The Commonwealth Bank of Australia (CBA) has published its Basel III Pillar 3 disclosures as at 31 December 2024, presenting a comprehensive view of its capital adequacy, risk exposures, and liquidity metrics. The Group’s Common Equity Tier 1 (CET1) ratio stood at 12.2%, a slight dip from 12.3% six months earlier but comfortably above APRA’s minimum requirement of 10.25%. Total Capital ratio was reported at 20.7%, reflecting a well-capitalised position bolstered by recent Tier 2 subordinated note issuances totaling AUD1.5 billion.

Despite the payment of the 2H24 dividend and an increase in risk-weighted assets (RWA), CBA’s capital buffers remain robust. The Group’s capital management framework continues to balance regulatory demands, rating agency expectations, and shareholder returns, with ongoing share buybacks and dividend reinvestment plans supporting capital optimisation.

Risk Weighted Assets and Leverage

Total RWA increased by 3.2% to AUD482.4 billion, driven primarily by growth in credit risk and operational risk exposures. Credit risk RWA rose 4.0% to AUD385.1 billion, reflecting volume growth in commercial lending, residential mortgages, and New Zealand portfolios. Operational risk RWA also increased due to higher average net interest income amid a rising interest rate environment.

The leverage ratio, defined as Tier 1 Capital over total exposures, held steady at 4.9%, well above the 3.5% regulatory minimum for IRB banks. This stability was achieved despite increased exposures and dividend payments, supported by capital generated from earnings.

Liquidity Position and Funding Stability

CBA maintained a strong liquidity profile with an average Liquidity Coverage Ratio (LCR) of 127% during the December 2024 quarter, exceeding the 100% regulatory threshold. The Group’s liquid asset base, comprising high-quality liquid assets (HQLA) such as government securities and cash, remained well-distributed across currencies and geographies.

The Net Stable Funding Ratio (NSFR) improved slightly to 116%, reflecting growth in retail and SME deposits alongside increased wholesale funding.

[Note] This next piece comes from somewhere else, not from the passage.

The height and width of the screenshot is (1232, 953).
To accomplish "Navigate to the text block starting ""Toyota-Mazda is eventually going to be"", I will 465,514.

This ratio underscores CBA’s ability to fund its assets with stable sources over a one-year horizon, aligning with APRA’s prudential standards.

Regulatory Developments and Capital Framework Evolution

APRA’s ongoing reforms are set to reshape the capital framework, notably the planned phase-out of Additional Tier 1 (AT1) capital instruments by 2027. CBA will need to adjust its capital mix accordingly, replacing AT1 with Common Equity Tier 1 and Tier 2 capital while maintaining total capital requirements.

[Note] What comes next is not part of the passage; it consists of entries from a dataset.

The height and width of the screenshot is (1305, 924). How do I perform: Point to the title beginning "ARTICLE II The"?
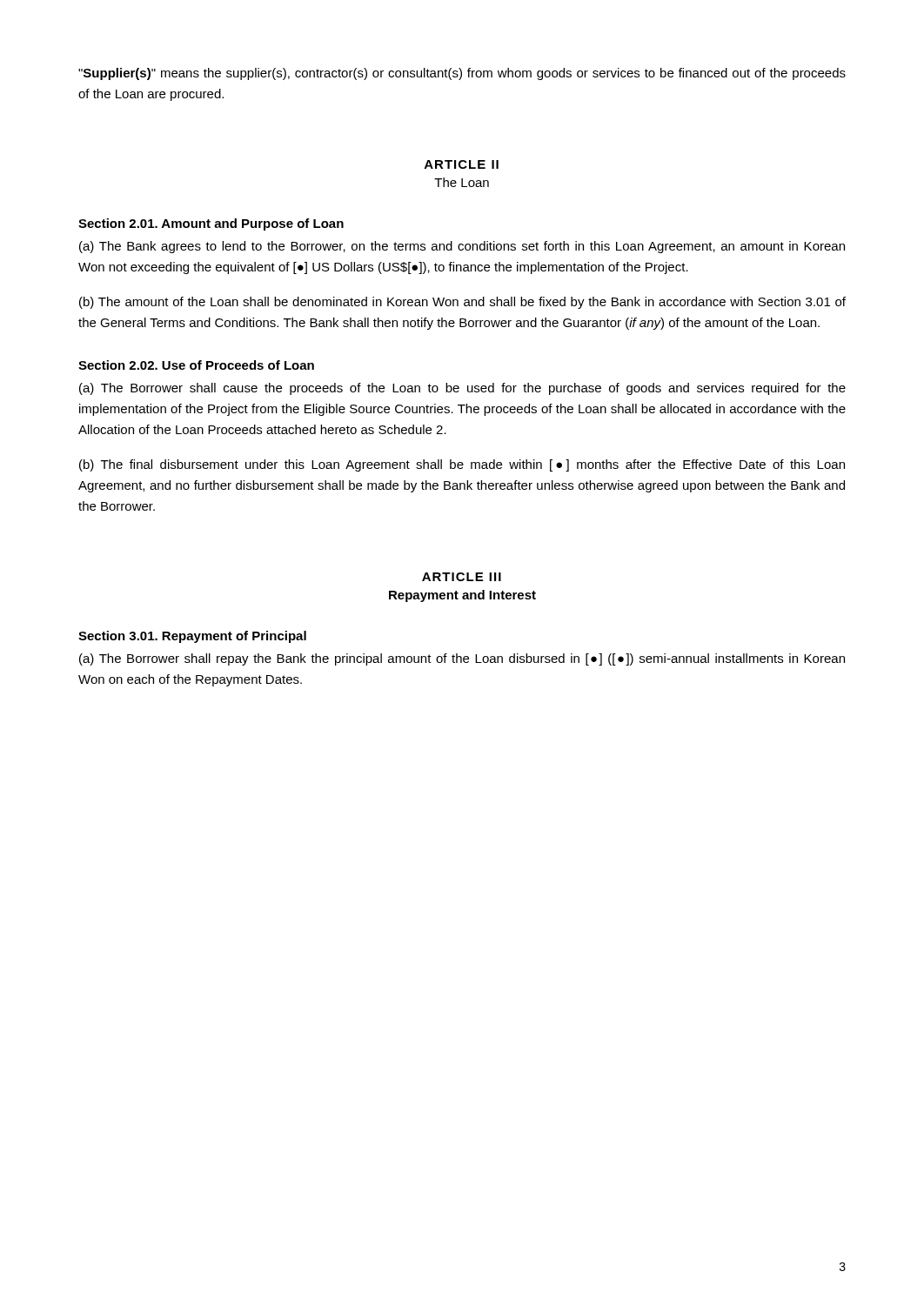click(462, 173)
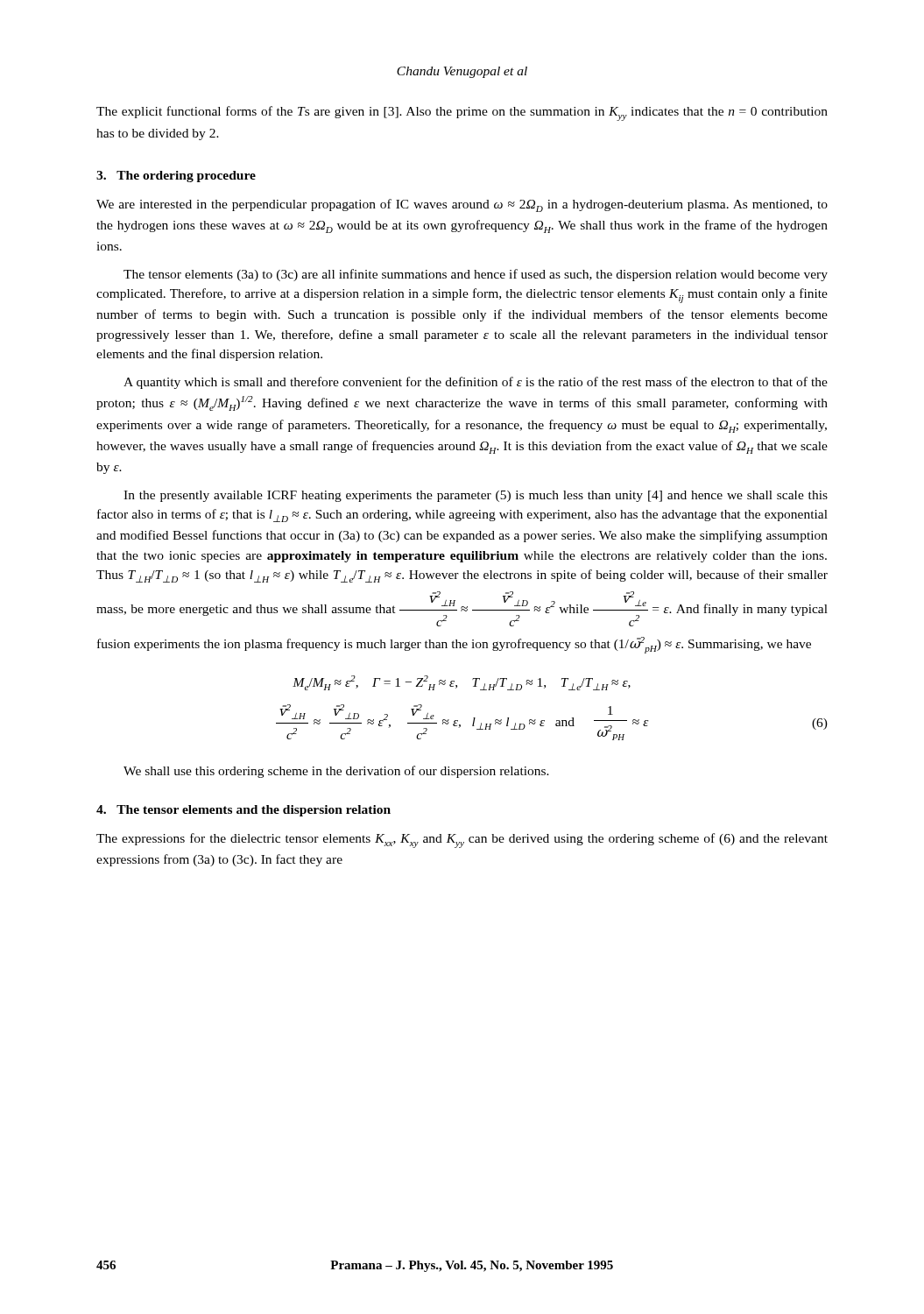The width and height of the screenshot is (924, 1314).
Task: Locate the region starting "The expressions for the dielectric tensor"
Action: click(x=462, y=848)
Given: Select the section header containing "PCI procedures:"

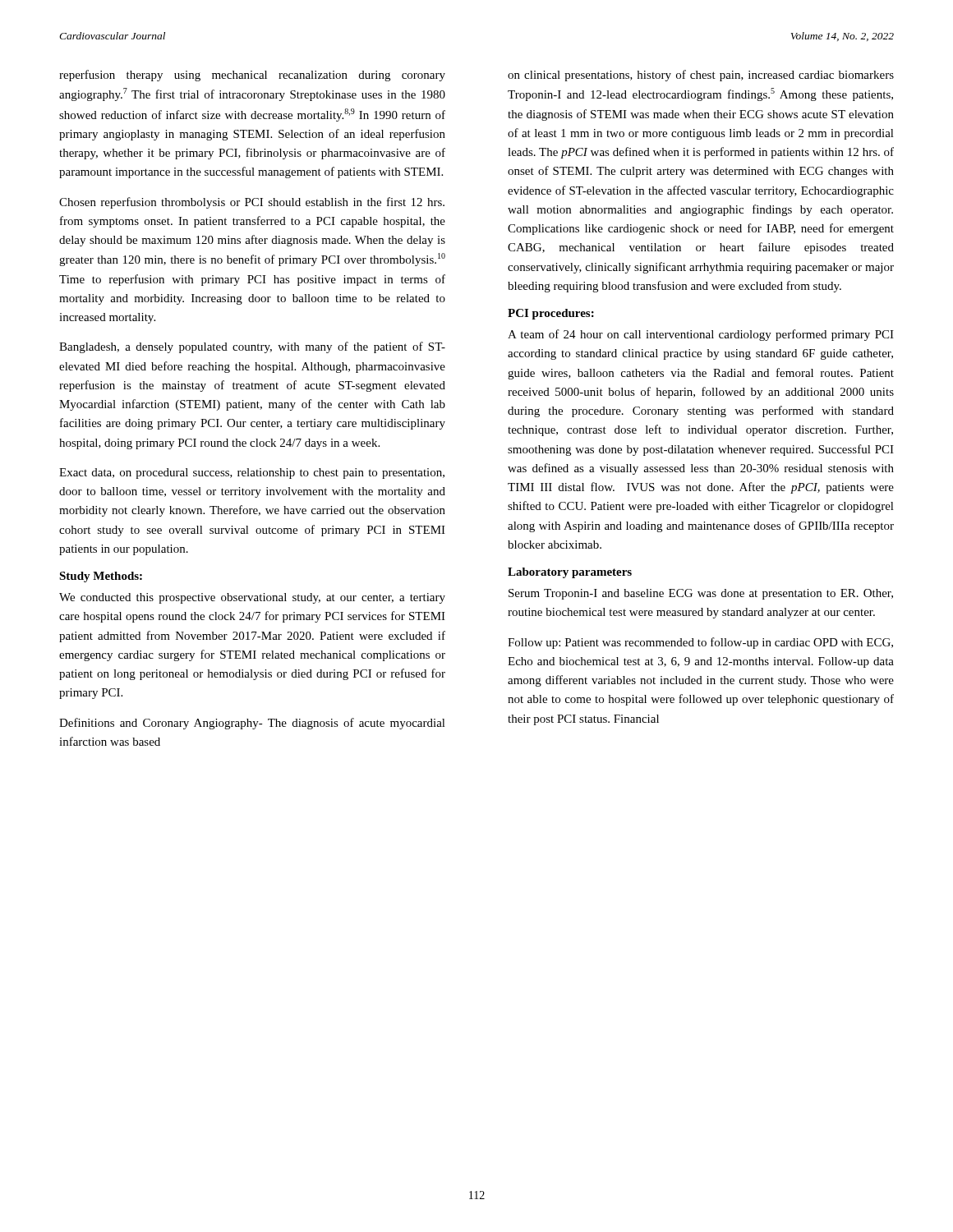Looking at the screenshot, I should coord(551,313).

The Group is also preparing for revised standards on Interest Rate Risk in the Banking Book (IRRBB), market risk, and counterparty credit risk, with new requirements effective from 2025 and 2026. These changes will require continued enhancements to risk management and capital planning processes.

Credit Risk and Asset Quality

CBA’s credit risk profile remains stable, with non-performing exposures increasing modestly by 7.1% to AUD10.3 billion. Actual credit losses decreased slightly to AUD290 million for the half-year, driven by lower write-offs in manufacturing and the absence of prior non-recurring losses. The Group’s provisioning levels remain prudent, with total provisions of AUD6.2 billion, balancing collective and individual assessments.

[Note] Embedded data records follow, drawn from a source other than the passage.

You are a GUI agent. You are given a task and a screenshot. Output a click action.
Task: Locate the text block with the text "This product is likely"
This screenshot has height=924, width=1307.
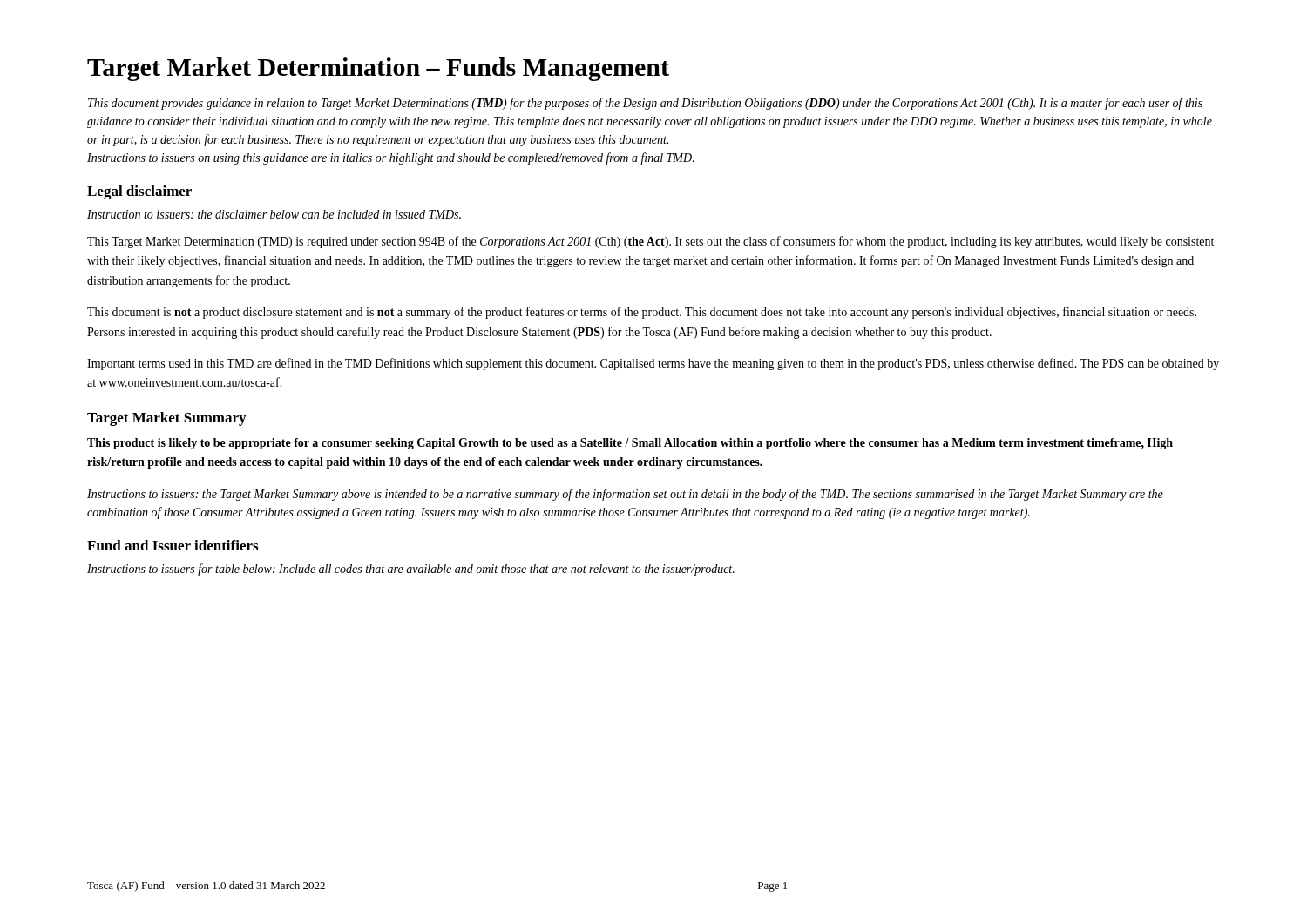click(x=654, y=453)
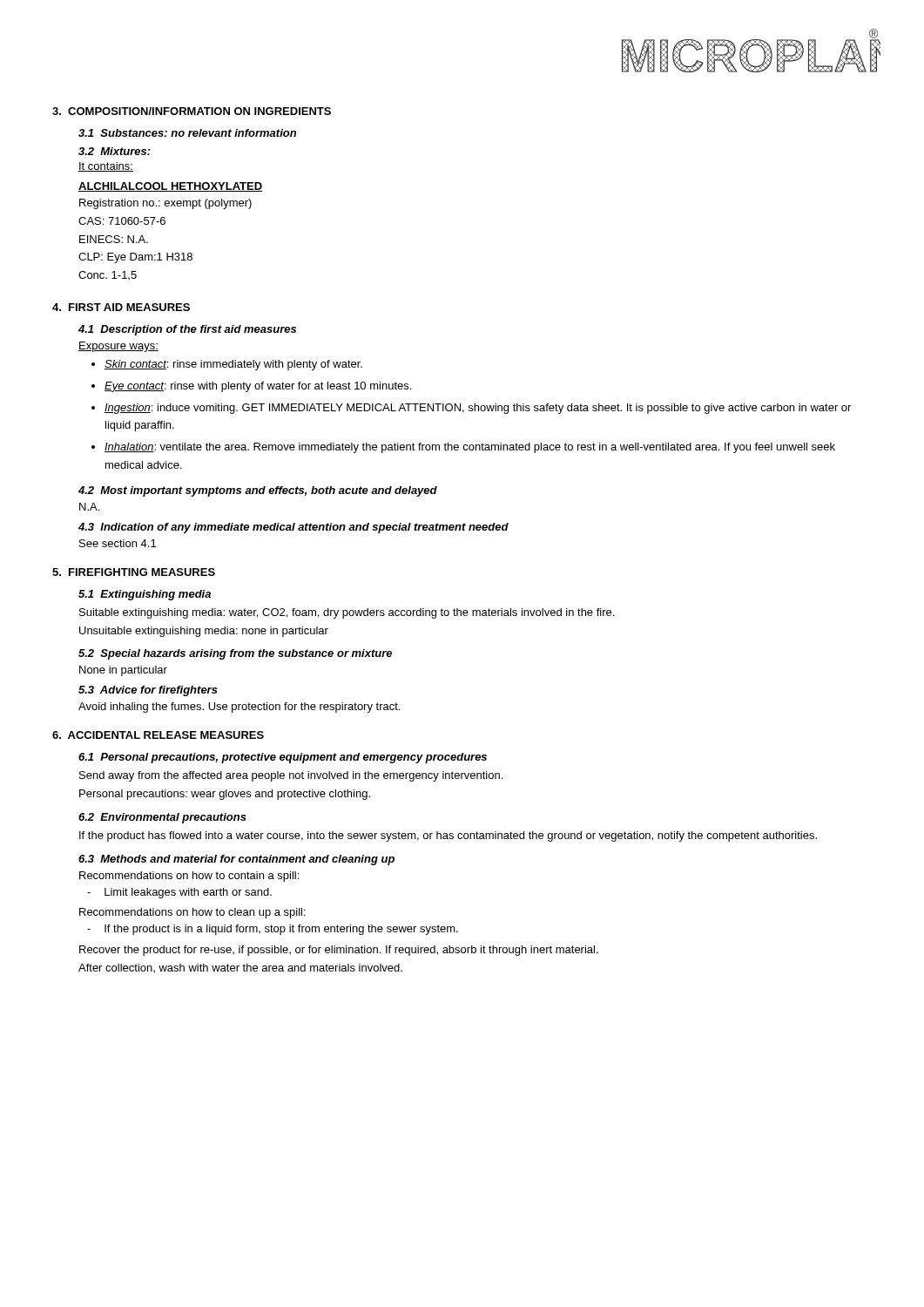The image size is (924, 1307).
Task: Where is the passage that starts "Suitable extinguishing media:"?
Action: click(347, 621)
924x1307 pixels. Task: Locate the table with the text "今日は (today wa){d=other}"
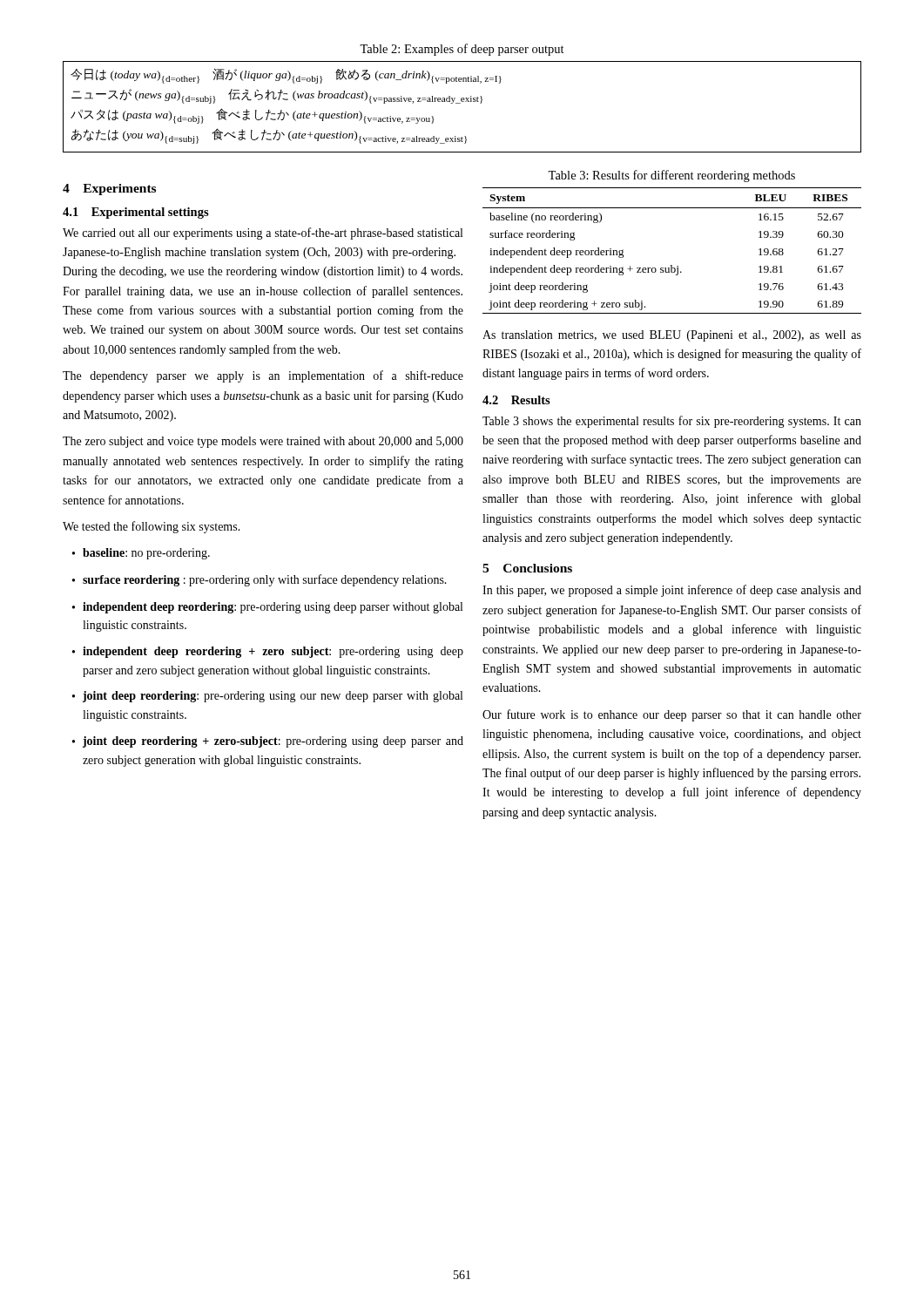[462, 107]

Risk-weighted assets under the Advanced Internal Ratings-Based (AIRB) approach continue to dominate, supported by granular internal risk rating models aligned with external credit assessments. The Group’s credit risk mitigation strategies, including collateral and guarantees, remain integral to its risk management framework.

Securitisation and Market Risk

CBA’s securitisation exposures increased by 11.2% to AUD21.8 billion, primarily through warehouse facilities and holdings of securities. The Group has not engaged in synthetic securitisation in the banking book and maintains a conservative approach to securitisation risk.

Traded market risk RWA decreased by 6% to AUD7.9 billion, reflecting lower exposures and market volatility. The internal model approach continues to underpin the Group’s market risk capital calculations, with no back-testing outliers reported in the latest period.

Outlook and Strategic Considerations

CBA’s capital and liquidity positions remain strong amid a complex regulatory environment and evolving macroeconomic conditions. The Group’s proactive capital management, combined with robust risk frameworks, positions it well to navigate upcoming regulatory changes and market challenges.

Investors and analysts will be watching closely how CBA adapts its capital structure in response to APRA’s AT1 phase-out and the implementation of revised prudential standards. Maintaining credit quality and managing risk-weighted assets growth will be critical to sustaining capital ratios and shareholder returns.

Bottom Line?

CBA’s disciplined capital and liquidity management will be pivotal as regulatory reforms reshape the Australian banking landscape.

Questions in the middle?

  • How will CBA adjust its capital mix in response to APRA’s AT1 capital phase-out by 2027?
  • What impact will rising interest rates have on CBA’s operational risk and credit risk profiles going forward?
  • How might evolving prudential standards on IRRBB and market risk affect CBA’s capital requirements?